• [Exercise brief]
Tally every line below where "classified" appears, then report the total alone.

• [Records shown]

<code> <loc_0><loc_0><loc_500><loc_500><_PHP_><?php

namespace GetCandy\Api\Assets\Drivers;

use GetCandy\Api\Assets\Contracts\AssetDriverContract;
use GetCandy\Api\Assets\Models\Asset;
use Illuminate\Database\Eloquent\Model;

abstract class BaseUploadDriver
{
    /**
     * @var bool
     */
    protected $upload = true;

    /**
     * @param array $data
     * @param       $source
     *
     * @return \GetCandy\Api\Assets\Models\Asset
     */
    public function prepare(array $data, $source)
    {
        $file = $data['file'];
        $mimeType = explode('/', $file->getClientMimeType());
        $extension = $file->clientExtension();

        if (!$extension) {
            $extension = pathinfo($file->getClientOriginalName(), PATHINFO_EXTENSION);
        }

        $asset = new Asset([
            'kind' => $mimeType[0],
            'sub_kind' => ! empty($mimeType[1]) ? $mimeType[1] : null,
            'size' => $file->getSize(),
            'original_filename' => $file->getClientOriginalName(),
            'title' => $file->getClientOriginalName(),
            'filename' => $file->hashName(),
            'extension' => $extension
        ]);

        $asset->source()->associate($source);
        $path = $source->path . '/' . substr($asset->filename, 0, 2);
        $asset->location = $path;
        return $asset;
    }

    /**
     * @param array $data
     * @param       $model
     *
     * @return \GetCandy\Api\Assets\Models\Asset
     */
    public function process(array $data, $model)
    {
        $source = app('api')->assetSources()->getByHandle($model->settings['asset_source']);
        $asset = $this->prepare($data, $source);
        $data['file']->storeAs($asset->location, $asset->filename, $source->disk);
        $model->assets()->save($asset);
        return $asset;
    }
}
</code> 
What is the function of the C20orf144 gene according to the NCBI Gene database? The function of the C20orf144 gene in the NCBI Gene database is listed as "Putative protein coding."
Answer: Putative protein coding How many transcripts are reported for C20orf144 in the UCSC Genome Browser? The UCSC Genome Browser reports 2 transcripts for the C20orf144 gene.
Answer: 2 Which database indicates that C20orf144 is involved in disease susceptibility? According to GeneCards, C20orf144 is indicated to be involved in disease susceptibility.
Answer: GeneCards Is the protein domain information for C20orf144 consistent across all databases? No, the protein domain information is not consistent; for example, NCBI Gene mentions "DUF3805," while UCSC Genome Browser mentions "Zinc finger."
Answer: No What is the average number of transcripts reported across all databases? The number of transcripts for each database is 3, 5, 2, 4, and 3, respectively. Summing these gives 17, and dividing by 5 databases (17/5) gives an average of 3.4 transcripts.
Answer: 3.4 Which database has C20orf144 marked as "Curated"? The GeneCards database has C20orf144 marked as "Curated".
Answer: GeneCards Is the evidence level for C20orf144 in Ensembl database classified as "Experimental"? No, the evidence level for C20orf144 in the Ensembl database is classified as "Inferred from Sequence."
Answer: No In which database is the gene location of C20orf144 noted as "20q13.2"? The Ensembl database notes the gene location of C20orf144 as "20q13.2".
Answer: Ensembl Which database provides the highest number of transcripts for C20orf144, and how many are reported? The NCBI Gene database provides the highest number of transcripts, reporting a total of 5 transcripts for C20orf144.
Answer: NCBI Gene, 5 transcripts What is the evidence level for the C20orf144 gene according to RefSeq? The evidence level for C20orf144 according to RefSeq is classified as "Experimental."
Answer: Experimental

• [Solution for this exercise]
2